I create the following example tables in the CQLSH:
CREATE TABLE coupon (  account_id bigint,  campaign_id uuid,  ........................,  discount_info map<text, text>,  ........................,  PRIMARY KEY (account_id, campaign_id))
The other columns can be ignored in this case. Then I inserted into the one test data like this:
insert into coupon (account_id, campaign_id, discount_info) values (111,uuid(), {'test_key':'test_value'});
After this, I got the SSTable files. I use the sstable2json file to check the output:
$./resources/cassandra/bin/sstable2json /xxx/test-coupon-jb-1-Data.db[{"key": "000000000000006f","columns": [["0336e50d-21aa-4b3a-9f01-989a8c540e54:","",1433792922055000], ["0336e50d-21aa-4b3a-9f01-989a8c540e54:discount_info","0336e50d-21aa-4b3a-9f01-989a8c540e54:discount_info:!",1433792922054999,"t",1433792922], ["0336e50d-21aa-4b3a-9f01-989a8c540e54:discount_info:746573745f6b6579","746573745f76616c7565",1433792922055000]]}] 
What I want to is to get the {"test_key" : "test_value"} as key/value pair that I input into "discount_info" column. I followed the sstable2json code, and try to deserialize the data by myself, but to my surprise, I cannot make it work, even I tried several ways, but kept getting Exception.
>From what I researched, I know that Cassandra put the "campaign_id" + "discount_info" + "Another ByteBuffer" as composite column in this case. When I deserialize this columnName, I got the following dumped out as String:
"0336e50d-21aa-4b3a-9f01-989a8c540e54:discount_info:746573745f6b6579".
It includes 3 parts: the first part is the uuid for the campaign_id. The 2nd part as "discount_info", which is the static name I defined in the table. The 3 part is a bytes array as length of 46, which I am not sure what it is. 
The corresponding value part of this composite column is another byte array as length of 10, hex as "746573745f76616c7565" if I dump it out.
Now, here is what I did and not sure why it doesn't work.

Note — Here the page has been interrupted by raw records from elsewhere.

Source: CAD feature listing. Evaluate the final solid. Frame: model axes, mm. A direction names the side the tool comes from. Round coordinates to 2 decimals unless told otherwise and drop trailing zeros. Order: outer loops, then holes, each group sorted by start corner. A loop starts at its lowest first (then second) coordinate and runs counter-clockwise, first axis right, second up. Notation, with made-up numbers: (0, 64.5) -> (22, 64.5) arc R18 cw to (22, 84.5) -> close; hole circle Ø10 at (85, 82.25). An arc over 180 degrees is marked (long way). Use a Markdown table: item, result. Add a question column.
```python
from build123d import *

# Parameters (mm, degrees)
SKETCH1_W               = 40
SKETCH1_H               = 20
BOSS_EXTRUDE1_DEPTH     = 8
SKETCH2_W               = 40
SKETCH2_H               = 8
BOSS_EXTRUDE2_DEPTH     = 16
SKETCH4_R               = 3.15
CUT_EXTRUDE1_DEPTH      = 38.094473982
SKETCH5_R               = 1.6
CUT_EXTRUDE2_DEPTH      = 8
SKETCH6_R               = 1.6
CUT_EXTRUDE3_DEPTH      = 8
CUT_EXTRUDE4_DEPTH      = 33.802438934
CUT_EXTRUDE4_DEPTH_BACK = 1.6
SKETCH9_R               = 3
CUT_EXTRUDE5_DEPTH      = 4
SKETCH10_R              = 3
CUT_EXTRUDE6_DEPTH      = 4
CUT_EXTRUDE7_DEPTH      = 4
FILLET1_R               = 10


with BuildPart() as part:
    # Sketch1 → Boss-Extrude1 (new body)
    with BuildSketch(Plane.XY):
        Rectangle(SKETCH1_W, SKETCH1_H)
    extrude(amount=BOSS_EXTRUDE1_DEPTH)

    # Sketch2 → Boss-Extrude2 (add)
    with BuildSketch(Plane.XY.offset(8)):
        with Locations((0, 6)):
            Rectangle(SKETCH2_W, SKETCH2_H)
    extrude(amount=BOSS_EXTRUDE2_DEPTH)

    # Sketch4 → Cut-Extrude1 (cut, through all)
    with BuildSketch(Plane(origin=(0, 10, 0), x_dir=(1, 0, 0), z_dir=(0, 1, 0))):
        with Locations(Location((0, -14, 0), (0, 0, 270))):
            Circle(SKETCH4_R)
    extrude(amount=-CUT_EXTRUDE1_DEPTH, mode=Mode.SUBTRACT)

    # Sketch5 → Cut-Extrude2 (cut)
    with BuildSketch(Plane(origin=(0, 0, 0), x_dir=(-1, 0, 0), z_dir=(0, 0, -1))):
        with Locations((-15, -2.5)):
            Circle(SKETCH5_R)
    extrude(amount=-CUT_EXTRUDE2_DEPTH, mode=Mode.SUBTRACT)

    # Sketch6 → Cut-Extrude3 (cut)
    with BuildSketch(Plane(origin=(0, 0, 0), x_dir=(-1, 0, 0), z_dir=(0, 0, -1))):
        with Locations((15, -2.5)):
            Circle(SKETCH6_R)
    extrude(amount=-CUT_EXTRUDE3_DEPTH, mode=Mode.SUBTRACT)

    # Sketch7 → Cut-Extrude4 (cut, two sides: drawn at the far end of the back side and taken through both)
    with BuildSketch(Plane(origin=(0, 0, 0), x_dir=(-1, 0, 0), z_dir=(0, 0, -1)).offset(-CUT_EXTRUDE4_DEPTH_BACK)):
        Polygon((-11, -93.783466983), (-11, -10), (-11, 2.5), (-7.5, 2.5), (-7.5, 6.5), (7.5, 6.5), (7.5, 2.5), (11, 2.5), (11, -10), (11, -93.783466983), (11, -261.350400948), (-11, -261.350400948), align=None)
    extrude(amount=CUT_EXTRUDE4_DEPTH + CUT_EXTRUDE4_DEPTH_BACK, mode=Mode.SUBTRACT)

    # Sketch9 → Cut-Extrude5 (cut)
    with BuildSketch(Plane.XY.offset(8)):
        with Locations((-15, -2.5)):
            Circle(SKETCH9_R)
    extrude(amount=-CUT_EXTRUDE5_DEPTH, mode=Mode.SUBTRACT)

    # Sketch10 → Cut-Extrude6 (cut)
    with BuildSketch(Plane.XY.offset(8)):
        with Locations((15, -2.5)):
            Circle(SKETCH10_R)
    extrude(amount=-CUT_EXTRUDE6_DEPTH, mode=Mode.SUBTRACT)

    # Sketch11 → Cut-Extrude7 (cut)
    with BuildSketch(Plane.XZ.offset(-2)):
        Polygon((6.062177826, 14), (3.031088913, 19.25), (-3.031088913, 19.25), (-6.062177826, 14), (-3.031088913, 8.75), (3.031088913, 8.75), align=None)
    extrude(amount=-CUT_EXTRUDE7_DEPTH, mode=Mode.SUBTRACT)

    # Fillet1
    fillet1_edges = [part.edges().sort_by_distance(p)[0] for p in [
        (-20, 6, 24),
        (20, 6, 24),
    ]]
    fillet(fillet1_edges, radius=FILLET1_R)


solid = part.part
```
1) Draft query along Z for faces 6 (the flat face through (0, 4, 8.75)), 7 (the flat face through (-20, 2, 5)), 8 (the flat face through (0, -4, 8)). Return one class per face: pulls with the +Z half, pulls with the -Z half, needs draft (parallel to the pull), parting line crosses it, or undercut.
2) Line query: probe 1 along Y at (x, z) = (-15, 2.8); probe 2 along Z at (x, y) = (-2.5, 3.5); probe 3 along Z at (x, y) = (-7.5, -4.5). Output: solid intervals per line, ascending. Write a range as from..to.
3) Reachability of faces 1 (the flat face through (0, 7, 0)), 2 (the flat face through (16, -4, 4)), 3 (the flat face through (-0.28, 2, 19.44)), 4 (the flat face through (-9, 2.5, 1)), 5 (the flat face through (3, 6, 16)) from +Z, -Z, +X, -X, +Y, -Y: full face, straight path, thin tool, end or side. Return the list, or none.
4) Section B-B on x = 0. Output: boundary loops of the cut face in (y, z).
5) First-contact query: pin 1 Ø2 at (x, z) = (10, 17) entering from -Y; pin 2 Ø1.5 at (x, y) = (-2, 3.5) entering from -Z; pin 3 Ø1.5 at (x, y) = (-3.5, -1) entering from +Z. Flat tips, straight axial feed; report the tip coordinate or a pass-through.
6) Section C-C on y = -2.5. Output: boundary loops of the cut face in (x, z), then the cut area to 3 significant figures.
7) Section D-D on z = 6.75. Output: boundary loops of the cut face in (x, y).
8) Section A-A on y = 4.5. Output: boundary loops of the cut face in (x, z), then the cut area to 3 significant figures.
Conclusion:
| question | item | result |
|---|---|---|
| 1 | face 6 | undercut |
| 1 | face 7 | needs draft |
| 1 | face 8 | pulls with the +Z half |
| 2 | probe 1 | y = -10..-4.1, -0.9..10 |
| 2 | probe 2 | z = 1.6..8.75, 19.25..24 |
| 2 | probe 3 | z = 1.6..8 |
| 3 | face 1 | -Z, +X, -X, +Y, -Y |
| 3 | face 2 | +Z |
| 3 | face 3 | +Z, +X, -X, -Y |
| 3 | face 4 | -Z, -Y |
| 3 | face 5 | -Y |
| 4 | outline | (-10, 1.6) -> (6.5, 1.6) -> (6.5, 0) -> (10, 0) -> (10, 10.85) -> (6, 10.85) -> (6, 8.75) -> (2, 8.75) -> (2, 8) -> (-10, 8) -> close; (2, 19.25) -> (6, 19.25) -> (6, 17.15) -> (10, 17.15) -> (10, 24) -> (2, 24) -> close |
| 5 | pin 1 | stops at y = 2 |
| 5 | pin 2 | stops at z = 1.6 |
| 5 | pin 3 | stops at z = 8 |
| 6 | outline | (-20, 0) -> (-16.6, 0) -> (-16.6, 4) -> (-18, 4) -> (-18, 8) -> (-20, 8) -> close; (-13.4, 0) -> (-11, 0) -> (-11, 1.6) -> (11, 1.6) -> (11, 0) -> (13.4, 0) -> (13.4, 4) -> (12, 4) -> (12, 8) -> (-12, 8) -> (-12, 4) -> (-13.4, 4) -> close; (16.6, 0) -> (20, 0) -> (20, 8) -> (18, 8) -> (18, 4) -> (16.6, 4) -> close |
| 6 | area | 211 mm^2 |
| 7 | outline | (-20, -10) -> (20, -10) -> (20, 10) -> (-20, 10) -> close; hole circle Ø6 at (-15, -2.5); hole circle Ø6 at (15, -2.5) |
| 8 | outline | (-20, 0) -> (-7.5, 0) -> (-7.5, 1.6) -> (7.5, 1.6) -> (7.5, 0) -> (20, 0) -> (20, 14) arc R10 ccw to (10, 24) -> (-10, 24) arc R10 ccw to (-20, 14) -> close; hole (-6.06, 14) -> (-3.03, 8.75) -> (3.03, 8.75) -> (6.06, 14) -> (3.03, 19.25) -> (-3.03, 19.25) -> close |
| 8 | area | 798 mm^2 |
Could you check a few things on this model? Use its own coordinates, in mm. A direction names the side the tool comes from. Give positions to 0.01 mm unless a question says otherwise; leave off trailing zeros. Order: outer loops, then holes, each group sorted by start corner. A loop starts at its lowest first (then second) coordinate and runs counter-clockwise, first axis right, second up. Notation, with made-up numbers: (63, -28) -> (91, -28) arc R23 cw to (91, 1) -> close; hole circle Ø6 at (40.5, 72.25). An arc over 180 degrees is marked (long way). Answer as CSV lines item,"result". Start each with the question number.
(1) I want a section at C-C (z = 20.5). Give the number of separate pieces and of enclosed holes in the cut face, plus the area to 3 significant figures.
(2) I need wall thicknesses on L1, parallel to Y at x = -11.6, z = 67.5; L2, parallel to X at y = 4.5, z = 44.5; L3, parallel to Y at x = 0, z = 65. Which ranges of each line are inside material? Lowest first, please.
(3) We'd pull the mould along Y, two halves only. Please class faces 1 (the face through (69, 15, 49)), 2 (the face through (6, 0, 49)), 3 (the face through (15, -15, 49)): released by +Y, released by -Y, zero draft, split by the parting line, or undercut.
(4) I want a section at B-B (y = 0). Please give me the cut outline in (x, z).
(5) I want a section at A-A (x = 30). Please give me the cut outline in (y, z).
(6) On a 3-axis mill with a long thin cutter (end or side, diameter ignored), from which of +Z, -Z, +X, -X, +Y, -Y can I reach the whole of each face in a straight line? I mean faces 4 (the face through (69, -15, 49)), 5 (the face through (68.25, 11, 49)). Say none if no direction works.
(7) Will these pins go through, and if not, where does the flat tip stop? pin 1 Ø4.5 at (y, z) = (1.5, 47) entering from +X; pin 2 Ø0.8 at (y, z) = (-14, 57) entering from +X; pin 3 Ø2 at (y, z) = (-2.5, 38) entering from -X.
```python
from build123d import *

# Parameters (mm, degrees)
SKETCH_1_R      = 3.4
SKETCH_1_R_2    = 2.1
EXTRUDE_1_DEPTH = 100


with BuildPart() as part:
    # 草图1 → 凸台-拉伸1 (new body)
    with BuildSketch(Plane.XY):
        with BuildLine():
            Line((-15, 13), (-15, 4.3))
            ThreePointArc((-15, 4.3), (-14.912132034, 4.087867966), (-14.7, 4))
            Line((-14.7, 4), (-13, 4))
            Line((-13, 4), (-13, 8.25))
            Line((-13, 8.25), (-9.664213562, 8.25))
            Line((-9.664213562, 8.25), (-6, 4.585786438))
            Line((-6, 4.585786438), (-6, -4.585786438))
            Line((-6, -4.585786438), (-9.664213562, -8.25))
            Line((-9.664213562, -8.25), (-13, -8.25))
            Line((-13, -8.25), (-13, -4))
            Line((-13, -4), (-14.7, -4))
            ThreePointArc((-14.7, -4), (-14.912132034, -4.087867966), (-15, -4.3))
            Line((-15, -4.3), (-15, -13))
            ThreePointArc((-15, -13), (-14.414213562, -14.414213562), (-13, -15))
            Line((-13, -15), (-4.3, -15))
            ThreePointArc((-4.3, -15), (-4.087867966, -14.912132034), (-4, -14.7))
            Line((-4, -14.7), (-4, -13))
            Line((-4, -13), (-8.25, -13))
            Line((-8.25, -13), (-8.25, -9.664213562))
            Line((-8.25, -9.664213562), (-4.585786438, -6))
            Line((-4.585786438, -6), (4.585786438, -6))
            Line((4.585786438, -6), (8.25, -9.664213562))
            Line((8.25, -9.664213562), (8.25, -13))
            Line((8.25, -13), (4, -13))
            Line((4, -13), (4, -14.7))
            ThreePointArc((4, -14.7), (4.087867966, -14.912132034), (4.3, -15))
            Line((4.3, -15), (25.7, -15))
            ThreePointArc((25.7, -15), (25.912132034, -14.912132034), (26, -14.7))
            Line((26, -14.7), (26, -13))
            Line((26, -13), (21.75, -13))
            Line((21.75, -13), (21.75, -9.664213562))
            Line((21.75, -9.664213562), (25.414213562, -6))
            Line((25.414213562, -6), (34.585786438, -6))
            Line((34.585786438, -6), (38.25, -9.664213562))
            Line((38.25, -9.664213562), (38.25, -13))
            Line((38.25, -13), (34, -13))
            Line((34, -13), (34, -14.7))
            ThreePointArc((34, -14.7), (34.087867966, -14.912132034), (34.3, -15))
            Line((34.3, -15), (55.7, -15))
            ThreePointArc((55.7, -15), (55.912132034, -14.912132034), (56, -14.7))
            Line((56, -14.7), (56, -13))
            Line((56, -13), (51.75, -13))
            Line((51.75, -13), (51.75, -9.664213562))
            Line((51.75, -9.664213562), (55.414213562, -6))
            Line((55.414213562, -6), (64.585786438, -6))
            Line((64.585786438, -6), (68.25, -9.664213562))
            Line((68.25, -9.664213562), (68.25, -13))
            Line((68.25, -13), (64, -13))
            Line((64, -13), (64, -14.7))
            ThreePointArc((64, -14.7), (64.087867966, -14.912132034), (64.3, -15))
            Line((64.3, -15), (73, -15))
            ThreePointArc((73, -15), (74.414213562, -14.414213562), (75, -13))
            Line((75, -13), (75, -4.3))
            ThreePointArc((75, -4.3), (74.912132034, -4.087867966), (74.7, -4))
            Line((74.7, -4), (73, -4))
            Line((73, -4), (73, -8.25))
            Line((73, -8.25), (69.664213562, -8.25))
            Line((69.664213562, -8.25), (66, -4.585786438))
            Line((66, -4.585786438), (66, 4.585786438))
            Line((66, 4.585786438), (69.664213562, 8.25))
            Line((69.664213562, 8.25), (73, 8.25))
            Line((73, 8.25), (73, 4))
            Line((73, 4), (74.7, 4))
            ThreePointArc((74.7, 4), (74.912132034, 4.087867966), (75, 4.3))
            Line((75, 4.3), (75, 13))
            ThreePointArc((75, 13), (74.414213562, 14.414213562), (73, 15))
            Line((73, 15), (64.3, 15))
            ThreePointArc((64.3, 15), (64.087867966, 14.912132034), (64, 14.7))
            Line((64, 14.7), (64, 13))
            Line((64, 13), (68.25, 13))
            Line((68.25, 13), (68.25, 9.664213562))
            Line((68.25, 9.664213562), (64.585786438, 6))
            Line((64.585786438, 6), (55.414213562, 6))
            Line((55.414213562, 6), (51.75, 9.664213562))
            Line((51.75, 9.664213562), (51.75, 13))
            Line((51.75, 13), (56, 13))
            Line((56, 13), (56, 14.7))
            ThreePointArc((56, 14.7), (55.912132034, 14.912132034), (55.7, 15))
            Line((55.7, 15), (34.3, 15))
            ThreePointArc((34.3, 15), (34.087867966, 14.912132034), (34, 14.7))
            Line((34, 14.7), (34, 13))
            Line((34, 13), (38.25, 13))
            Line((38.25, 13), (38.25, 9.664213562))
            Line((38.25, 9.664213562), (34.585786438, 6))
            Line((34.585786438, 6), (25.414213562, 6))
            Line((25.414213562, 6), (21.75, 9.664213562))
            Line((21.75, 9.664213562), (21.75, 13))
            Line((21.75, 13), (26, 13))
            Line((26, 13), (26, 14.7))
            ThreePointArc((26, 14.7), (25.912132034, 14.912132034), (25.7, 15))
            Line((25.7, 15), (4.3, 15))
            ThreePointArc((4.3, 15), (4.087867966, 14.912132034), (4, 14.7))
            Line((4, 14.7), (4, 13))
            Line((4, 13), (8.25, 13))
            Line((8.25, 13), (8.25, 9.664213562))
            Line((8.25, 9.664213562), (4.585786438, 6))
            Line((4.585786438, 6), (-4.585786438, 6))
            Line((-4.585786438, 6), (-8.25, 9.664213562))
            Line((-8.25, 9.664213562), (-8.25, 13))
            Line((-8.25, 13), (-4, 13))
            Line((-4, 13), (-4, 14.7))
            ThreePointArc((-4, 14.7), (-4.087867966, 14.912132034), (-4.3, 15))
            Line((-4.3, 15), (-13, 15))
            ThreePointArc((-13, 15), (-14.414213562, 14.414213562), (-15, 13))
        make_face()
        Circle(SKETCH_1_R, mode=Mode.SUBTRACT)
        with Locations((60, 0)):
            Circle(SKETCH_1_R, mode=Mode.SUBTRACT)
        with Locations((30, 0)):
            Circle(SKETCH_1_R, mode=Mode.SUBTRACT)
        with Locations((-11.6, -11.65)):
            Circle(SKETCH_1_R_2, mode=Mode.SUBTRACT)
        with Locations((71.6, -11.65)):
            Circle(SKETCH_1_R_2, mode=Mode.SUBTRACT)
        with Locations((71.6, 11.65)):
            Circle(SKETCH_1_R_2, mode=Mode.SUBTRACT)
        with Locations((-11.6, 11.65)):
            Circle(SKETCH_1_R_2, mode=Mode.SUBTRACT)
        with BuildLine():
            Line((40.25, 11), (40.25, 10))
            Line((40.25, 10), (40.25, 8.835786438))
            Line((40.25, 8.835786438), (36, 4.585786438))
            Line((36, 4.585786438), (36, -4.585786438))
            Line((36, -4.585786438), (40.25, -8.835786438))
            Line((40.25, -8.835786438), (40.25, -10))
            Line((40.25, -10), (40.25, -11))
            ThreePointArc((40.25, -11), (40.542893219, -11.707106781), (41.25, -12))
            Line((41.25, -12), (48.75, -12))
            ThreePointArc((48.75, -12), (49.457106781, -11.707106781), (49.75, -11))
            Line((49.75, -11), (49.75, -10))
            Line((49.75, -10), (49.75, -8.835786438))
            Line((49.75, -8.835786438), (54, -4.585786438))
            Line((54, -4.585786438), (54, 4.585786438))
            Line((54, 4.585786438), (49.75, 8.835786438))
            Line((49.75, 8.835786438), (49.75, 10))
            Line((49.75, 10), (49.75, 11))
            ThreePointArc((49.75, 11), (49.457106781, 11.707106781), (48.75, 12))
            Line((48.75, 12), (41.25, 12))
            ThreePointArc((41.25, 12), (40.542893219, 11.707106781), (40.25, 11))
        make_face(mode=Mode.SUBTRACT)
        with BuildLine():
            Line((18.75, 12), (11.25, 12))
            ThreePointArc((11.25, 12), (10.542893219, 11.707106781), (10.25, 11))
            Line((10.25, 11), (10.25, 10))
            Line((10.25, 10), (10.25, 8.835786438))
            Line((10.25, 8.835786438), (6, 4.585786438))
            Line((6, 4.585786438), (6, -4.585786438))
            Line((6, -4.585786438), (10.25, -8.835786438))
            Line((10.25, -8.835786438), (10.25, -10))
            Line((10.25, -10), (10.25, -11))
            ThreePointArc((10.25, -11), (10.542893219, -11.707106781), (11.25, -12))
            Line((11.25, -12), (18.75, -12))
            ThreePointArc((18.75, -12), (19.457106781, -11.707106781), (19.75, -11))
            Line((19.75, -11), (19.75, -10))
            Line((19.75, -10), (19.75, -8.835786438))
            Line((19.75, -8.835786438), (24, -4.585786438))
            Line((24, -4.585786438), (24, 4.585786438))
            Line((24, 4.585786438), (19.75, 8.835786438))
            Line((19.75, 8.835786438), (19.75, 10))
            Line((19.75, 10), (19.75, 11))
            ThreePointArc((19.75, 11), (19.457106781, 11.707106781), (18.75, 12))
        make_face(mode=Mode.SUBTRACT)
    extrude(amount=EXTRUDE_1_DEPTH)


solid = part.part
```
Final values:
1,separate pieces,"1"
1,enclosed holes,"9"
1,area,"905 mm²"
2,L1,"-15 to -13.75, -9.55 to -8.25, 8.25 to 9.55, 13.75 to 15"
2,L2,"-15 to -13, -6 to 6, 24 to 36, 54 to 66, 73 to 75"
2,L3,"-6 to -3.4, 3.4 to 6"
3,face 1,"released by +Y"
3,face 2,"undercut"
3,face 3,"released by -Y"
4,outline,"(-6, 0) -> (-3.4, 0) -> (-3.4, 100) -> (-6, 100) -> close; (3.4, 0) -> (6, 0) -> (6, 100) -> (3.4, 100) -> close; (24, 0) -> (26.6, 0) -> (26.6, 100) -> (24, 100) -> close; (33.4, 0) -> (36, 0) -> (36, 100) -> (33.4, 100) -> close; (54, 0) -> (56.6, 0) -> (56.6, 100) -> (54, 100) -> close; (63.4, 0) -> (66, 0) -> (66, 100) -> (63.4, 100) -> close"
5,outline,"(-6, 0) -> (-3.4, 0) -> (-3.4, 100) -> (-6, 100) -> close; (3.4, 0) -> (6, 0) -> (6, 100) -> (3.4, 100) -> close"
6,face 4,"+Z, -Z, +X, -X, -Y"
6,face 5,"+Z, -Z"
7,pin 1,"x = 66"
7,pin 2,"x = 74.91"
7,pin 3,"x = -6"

First, I assume the value part stores the real value I put in the Map, so I did the following:
ByteBuffer value = ByteBufferUtil.clone(column.value());MapType<String, String> result = MapType.getInstance(UTF8Type.instance, UTF8Type.instance);
Map<String, String> output = result.compose(value);// it gave me the following exception: org.apache.cassandra.serializers.MarshalException: Not enough bytes to read a mapThen I am think that the real value must be stored as part of the column names (the 3rd part of 46 bytes), so I did this:MapType<String, String> result = MapType.getInstance(UTF8Type.instance, UTF8Type.instance);
Map<String, String> output = result.compose(third_part.value);// I got the following exception:java.lang.IllegalArgumentException
	at java.nio.Buffer.limit(Buffer.java:267)
	at org.apache.cassandra.utils.ByteBufferUtil.readBytes(ByteBufferUtil.java:587)
	at org.apache.cassandra.utils.ByteBufferUtil.readBytesWithShortLength(ByteBufferUtil.java:596)
	at org.apache.cassandra.serializers.MapSerializer.deserialize(MapSerializer.java:63)
	at org.apache.cassandra.serializers.MapSerializer.deserialize(MapSerializer.java:28)
	at org.apache.cassandra.db.marshal.AbstractType.compose(AbstractType.java:142)
I can get all other non-collection types data, but I cannot get the data from the Map. My questions are:1) How does the Cassandra store the collection data in the SSTable files? From the length of bytes, it is most likely as part of the composite column. If so, why I got the exception as above? 2) The sstable2json doesn't deserialize the real data out from the collection type. So I don't have an example to follow. Do I use the wrong way trying to compose the Map type data?
Thanks
Yong